Dear Chairman Rogers and Members of the Committee on Appropriations,

R Street Institute is a free-market think tank focused on a pragmatic approach to public policy challenges. As advocates of limited, effective government who are deeply concerned about the public-health hazards of cigarette smoking, we urge you to support the amendment offered by Rep. Tom Cole, R-Okla. to the FY 2017 Agriculture Appropriations bill. This amendment would change the predicate date for tobacco-derived products in order to preserve a friendly and competitive environment for safer alternatives, like electronic cigarettes.

There is no question that cigarette smoking presents a real threat to public health. But research clearly indicates that some forms of tobacco and nicotine products are less harmful than others. E-cigarettes and related vapor products contain nicotine extracted from tobacco, but have no combustion, no tobacco and no tar. Although no form of nicotine delivery can be considered risk-free, research has shown that e-cigs present less than 5 percent of the health risks posed by cigarettes and are relied upon by thousands of Americans as a tool to help them quit smoking.

Without congressional action, the e-cigarette market will be effectively wiped out. Under current Food and Drug Administration (FDA) regulations, all tobacco or tobacco-related products entering the market after the established predicate date of Feb. 15, 2007 must undergo an extensive and costly approval process unless they can establish “substantial equivalence” to existing products grandfathered in before the predicate date.
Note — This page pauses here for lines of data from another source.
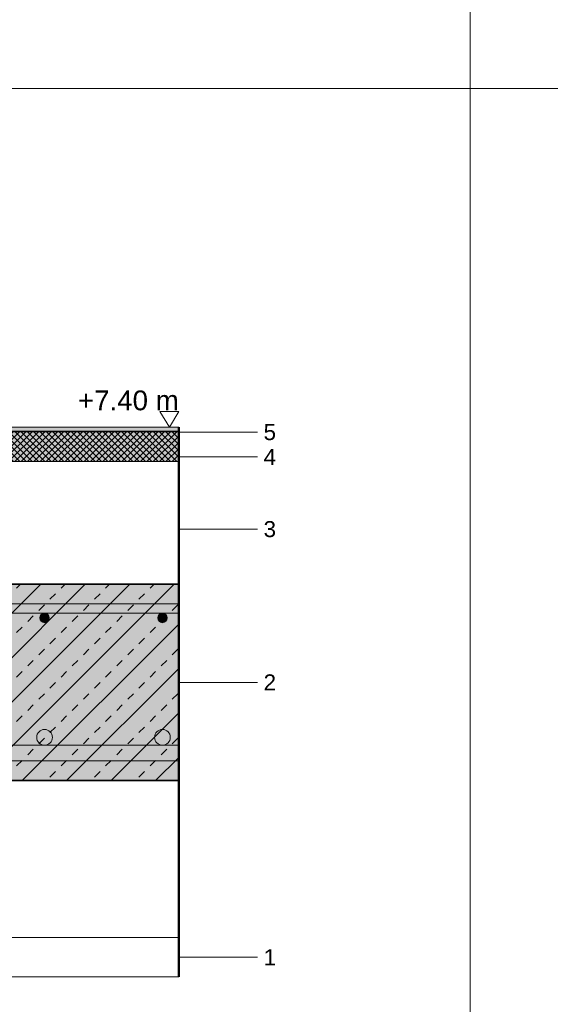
# Model space of a CAD drawing. Header units: metres. Extents: x 0.4 to 30.1, y -10.7 to 8.6.
# Tile 246 of 256: x 17.4 to 18.1, y 3 to 4.3. Entities that reach past the tile are written whole.
import ezdxf

# ---------------------------------------------------------------- set-up
doc = ezdxf.new("R2010")
doc.units = ezdxf.units.M
doc.layers.add('_Bodenaufbauten 20230510 (2D)', color=7, linetype='Continuous', lineweight=9)
doc.layers.add('Keine', color=7, linetype='Continuous', lineweight=9)
doc.styles.add('Arial', font='arial.ttf')

# ---------------------------------------------------------------- blocks, each defined once
blk = doc.blocks.new('Bodenaufbauten 20230510 (2D)')
at = {"layer": 'Keine', "linetype": 'Continuous', "lineweight": 0, "transparency": 33554687}
for color, points in [(251, [(17.3044, 3.76891), (17.6294, 3.76891), (17.6294, 3.76391), (17.3044, 3.76391)]), (9, [(16.3794, 3.56891), (17.6294, 3.56891), (17.6294, 3.31891), (16.3794, 3.31891)])]:
    blk.add_hatch(color=color, dxfattribs=at).paths.add_polyline_path(points)
at = {"layer": 'Keine', "linetype": 'Continuous', "lineweight": 0, "true_color": 0xcccccc, "transparency": 33554687}
blk.add_hatch(color=254, dxfattribs=at).paths.add_polyline_path([(17.3044, 3.76391), (17.6294, 3.76391), (17.6294, 3.76291), (17.3044, 3.76291)])
at = {"layer": 'Keine', "linetype": 'Continuous', "lineweight": 0, "true_color": 0xeeeeee, "transparency": 33554687}
blk.add_hatch(color=7, dxfattribs=at).paths.add_polyline_path([(17.6294, 3.72491), (17.31216, 3.72491), (17.3044, 3.76291), (17.6294, 3.76291)])
at = {"layer": 'Keine', "linetype": 'Continuous', "lineweight": 5, "transparency": 33554687}
h = blk.add_hatch(dxfattribs=at)
h.set_pattern_fill('Dämmung FBHdvDfv', style=0, pattern_type=2)
h.set_pattern_definition([(45, (0, 0), (0, -0.008), []), (-45, (0, 0), (0.008, 0), [])])
h.paths.add_polyline_path([(17.6294, 3.72491), (17.31216, 3.72491), (17.3044, 3.76291), (17.6294, 3.76291)])
at = {"layer": 'Keine', "linetype": 'Continuous', "lineweight": 13, "transparency": 33554687}
h = blk.add_hatch(dxfattribs=at)
h.set_pattern_fill('Stahlbeton-M1_10', color=250, style=0, pattern_type=2)
h.set_pattern_definition([(45, (0, 0), (0.02828427, -0.02828427), [0.01, -0.01])])
h.paths.add_polyline_path([(16.3794, 3.56891), (17.6294, 3.56891), (17.6294, 3.31891), (16.3794, 3.31891)])
h = blk.add_hatch(dxfattribs=at)
h.set_pattern_fill('Stahlbeton-M1_10-1', color=251, style=0, pattern_type=2)
h.set_pattern_definition([(-135, (0.012426, -0.013254), (0.02828427, -0.02828427), [])])
h.paths.add_polyline_path([(16.3794, 3.56891), (17.6294, 3.56891), (17.6294, 3.31891), (16.3794, 3.31891)])
at = {"layer": 'Keine', "linetype": 'Continuous', "lineweight": 0, "true_color": 0xdddddd, "transparency": 33554687}
for points in [[(16.3794, 3.54391), (16.3794, 3.53191), (17.6294, 3.53191), (17.6294, 3.54391)], [(16.3794, 3.36391), (16.3794, 3.34391), (17.6294, 3.34391), (17.6294, 3.36391)]]:
    blk.add_hatch(color=254, dxfattribs=at).paths.add_polyline_path(points)
h = blk.add_hatch(color=254, dxfattribs=at)
edge = h.paths.add_edge_path()
edge.add_arc((17.45866, 3.52591), 0.006, 0, 360)
h = blk.add_hatch(color=254, dxfattribs=at)
edge = h.paths.add_edge_path()
edge.add_arc((17.60866, 3.52591), 0.006, 0, 360)
h = blk.add_hatch(color=254, dxfattribs=at)
edge = h.paths.add_edge_path()
edge.add_arc((17.45866, 3.37391), 0.01, 0, 360)
h = blk.add_hatch(color=254, dxfattribs=at)
edge = h.paths.add_edge_path()
edge.add_arc((17.60866, 3.37391), 0.01, 0, 360)
at = {"layer": 'Keine', "color": 253, "linetype": 'Continuous', "lineweight": 9, "true_color": 0xaaaaaa, "transparency": 33554687}
for p, q in [((17.7294, 3.76241), (17.6294, 3.76241)), ((17.7294, 3.73091), (17.6294, 3.73091)), ((17.7294, 3.63891), (17.6294, 3.63891)), ((17.7294, 3.44391), (17.6294, 3.44391))]:
    blk.add_line(p, q, dxfattribs=at)
at = {"layer": 'Keine', "color": 255, "flags": 128}
for points in [[(16, 6.6), (18, 6.6), (18, 4.2), (16, 4.2)], [(18, 6.6), (20, 6.6), (20, 4.2), (18, 4.2)], [(18, 4.2), (20, 4.2), (20, 1.8), (18, 1.8)]]:
    blk.add_lwpolyline(points, close=True, dxfattribs=at)
at = {"layer": 'Keine', "color": 7, "linetype": 'Continuous', "lineweight": 13, "transparency": 33554687, "flags": 128}
for points in [[(17.60544, 3.78891), (17.61742, 3.76891), (17.6294, 3.78891)], [(17.3044, 3.76891), (17.6294, 3.76891), (17.6294, 3.76391), (17.3044, 3.76391)]]:
    blk.add_lwpolyline(points, close=True, dxfattribs=at)
at = {"layer": 'Keine', "color": 7, "linetype": 'Continuous', "lineweight": 5, "transparency": 33554687, "flags": 128}
for points in [[(17.3044, 3.76391), (17.6294, 3.76391), (17.6294, 3.76291), (17.3044, 3.76291)], [(17.6294, 3.72491), (17.31216, 3.72491), (17.3044, 3.76291), (17.6294, 3.76291)]]:
    blk.add_lwpolyline(points, close=True, dxfattribs=at)
at = {"layer": 'Keine', "color": 7, "linetype": 'Continuous', "lineweight": 35, "transparency": 33554687, "flags": 128}
blk.add_lwpolyline([(16.3794, 3.56891), (17.6294, 3.56891), (17.6294, 3.31891), (16.3794, 3.31891)], close=True, dxfattribs=at)
at = {"layer": 'Keine', "color": 9, "linetype": 'Continuous', "lineweight": 13, "transparency": 33554687, "flags": 128}
for points in [[(16.3794, 3.54391), (16.3794, 3.53191), (17.6294, 3.53191), (17.6294, 3.54391)], [(16.3794, 3.36391), (16.3794, 3.34391), (17.6294, 3.34391), (17.6294, 3.36391)]]:
    blk.add_lwpolyline(points, close=True, dxfattribs=at)
at = {"layer": 'Keine', "color": 9, "linetype": 'Continuous', "lineweight": 13, "transparency": 33554687}
for centre, radius in [((17.45866, 3.52591), 0.006), ((17.60866, 3.52591), 0.006), ((17.45866, 3.37391), 0.01), ((17.60866, 3.37391), 0.01)]:
    blk.add_circle(centre, radius, dxfattribs=at)
at = {"layer": 'Keine', "color": 7, "transparency": 33554687, "insert": (17.6294, 3.78997), "char_height": 0.025218, "attachment_point": 9, "rotation": 0.00136, "line_spacing_factor": 0.969122, "style": 'Arial'}
blk.add_mtext('+7.40 m', dxfattribs=at)
at = {"layer": 'Keine', "color": 7, "transparency": 33554687, "char_height": 0.020374, "attachment_point": 6, "line_spacing_factor": 0.969122, "style": 'Arial'}
for s, insert in [('5 ', (17.75317, 3.76241)), ('4 ', (17.75317, 3.73091)), ('3 ', (17.75317, 3.63891)), ('2 ', (17.75317, 3.44391)), ('1 ', (17.75317, 3.09391))]:
    blk.add_mtext(s, dxfattribs=dict(at, insert=insert))
at = {"color": 255, "linetype": 'Continuous', "lineweight": 9, "transparency": 33554687}
blk.add_wipeout([(17.6294, 3.06891), (16.3794, 3.06891), (16.3794, 3.11891), (17.6294, 3.11891)], dxfattribs=at).dxf.layer = 'Keine'
at = {"layer": 'Keine', "color": 255, "lineweight": 50}
blk.add_line((17.6294, 3.06891), (17.6294, 3.76891), dxfattribs=at)
at = {"layer": 'Keine', "color": 253, "linetype": 'Continuous', "lineweight": 9, "true_color": 0xaaaaaa, "transparency": 33554687}
blk.add_line((17.7294, 3.09391), (17.6294, 3.09391), dxfattribs=at)
at = {"layer": 'Keine', "color": 255, "flags": 128}
blk.add_lwpolyline([(16, 4.2), (18, 4.2), (18, 1.8), (16, 1.8)], close=True, dxfattribs=at)
at = {"layer": 'Keine', "color": 7, "linetype": 'Continuous', "lineweight": 9, "transparency": 33554687, "flags": 128}
blk.add_lwpolyline([(17.6294, 3.06891), (16.3794, 3.06891), (16.3794, 3.11891), (17.6294, 3.11891)], close=True, dxfattribs=at)

msp = doc.modelspace()

# ---------------------------------------------------------------- block references
at = {"layer": '_Bodenaufbauten 20230510 (2D)'}
msp.add_blockref('Bodenaufbauten 20230510 (2D)', (0, 0), dxfattribs=at)

doc.saveas('drawing.dxf')

Since virtually all electronic cigarette and vapor products entered the market after this deeming date, if the FDA’s current regulatory approach is implemented, producers would be required to submit expensive and burdensome applications for every single product. In order to preserve the products already on the market and allow continued innovation in the vapor-product industry, it is essential that Congress act to amend the predicate date. If not, millions of consumers across the country will be denied the option to use these safer alternatives. From the perspective of both public health and basic logic, we should be doing everything we can to steer smokers away from combustible tobacco and toward lower-risk alternatives—not enforcing an arbitrary regulatory regime that privileges the deadliest forms of nicotine delivery.

Opponents of e-cigarettes claim that the products will attract nonsmoking teens to nicotine addiction. Yet research shows that almost no e-cigarette users transition from vaping to cigarette smoking. Nearly all vapor-product use is by smokers and former smokers who use them as an alternative to combustible tobacco or as a steppingstone to quit nicotine consumption altogether.

It’s also important to note that amending the predicate date does not prevent the FDA from regulating electronic cigarettes in a wide range of ways to prevent teen use and ensure consumer safety. The FDA will still retain full authority to issue marketing restrictions, labeling requirements and other regulations to ensure standards in the vapor-product industry. In addition to moving the predicate date, the proposal also contains a number of new requirements designed to strengthen the FDA’s oversight and alleviate concerns about children accessing the products.

Amending the predicate date is a simple fix that will save electronic cigarettes from being wiped out through arbitrary regulations. From a public-health perspective, the case to preserve consumer access to vapor products as a lower-risk alternative to smoking is indisputable. Please act to push back the deeming date for tobacco and tobacco-related products to ensure that smokers and former smokers have access to life-saving nicotine-delivery alternatives.